Showing posts with label selling a house. Show all posts
Showing posts with label selling a house. Show all posts

6.20.2011

why home is important to me.

sorry folks.  this is one of THOSE posts.
where i spill my heart out and either it repulses you or it makes you love me more.
so you have been warned. 
the good news is that i have some CUTE posts coming in the next few days  so hang in there ok?

so can i tell you that i am worn out from this selling a house stuff.
we keep our house super neat so it can be cleaned quickly.
we have BOXES of our stuff in the attic.
the exhilaration of having a showing. 
and the let down that follows when they choose somewhere else.

the last people to see it actually made an offer.  we countered and then the husband wanted to see it.
the wife had made an offer WITHOUT her husband seeing it. WHAT?!?!
he did not love it as much as she did.
we are pretty sure it is because we live in a racially mixed neighborhood. 
which doesn't bother us one bit but was enough to convice this would be seller that his work equipment would be stolen out of his car.
he said this to me.
terrible.
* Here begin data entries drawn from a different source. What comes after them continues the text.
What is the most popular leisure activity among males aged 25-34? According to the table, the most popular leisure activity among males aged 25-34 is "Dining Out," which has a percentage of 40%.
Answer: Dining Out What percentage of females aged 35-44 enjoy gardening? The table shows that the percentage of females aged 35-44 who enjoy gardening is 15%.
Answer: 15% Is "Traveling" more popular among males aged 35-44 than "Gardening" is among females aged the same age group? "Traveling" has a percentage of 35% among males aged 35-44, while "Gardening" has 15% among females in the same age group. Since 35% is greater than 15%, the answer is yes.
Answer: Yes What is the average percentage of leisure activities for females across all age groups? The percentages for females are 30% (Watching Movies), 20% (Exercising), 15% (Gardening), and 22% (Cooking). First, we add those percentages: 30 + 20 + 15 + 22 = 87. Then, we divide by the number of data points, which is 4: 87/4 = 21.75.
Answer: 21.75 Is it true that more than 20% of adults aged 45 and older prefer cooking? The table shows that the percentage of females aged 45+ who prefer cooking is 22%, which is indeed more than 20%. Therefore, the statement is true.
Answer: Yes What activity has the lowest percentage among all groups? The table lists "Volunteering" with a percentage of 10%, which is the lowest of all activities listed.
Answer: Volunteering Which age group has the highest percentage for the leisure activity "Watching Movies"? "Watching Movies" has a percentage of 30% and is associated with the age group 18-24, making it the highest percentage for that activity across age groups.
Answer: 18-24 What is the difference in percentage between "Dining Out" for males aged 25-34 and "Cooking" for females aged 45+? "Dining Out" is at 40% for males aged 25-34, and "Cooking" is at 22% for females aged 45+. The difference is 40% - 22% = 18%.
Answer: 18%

TERRIBLE.

so we wait a little longer.  and hold fast to hope that we will be moving soon.
the bittersweet part is that in this journey i have have the joy and honor of praying for others in the same situation...living in a city/town/country that is not home and counting the days until they get to return.  so many of you have emailed me to share your story...and i love you for it.  the bittersweet part is that others prayers are being answered.  i have lost count of how many people are well on their way home...or are already there.  and i am SO happy for them.  truly. 
and with each one i pray "my turn next Lord?".

some people still don't get it.  WHY is a place SO important to us?  to me, maybe even more so.
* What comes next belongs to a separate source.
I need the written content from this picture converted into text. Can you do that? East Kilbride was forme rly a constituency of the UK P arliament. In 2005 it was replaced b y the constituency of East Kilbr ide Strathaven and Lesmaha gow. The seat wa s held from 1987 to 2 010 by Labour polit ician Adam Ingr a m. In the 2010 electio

i'm a little nervous to talk about this next part...but here goes. 

you may notice that i never mention my family on here.  of course there is doug and my boys and my wonderful amazing in-laws who ARE my family.

i'm talking about my parents and siblings.  and everyone connected to them.
the bottom line is that i don't have them anymore.  not now nor in the foreseeable future.

for reasons that i won't go into here...a year ago in march i was forced to make a choice between my real family (doug and my boys) and the people i happen to share blood with. 
it was not an easy choice.  it was not fun.  it was hard and covered with a lot of prayer.  it still is.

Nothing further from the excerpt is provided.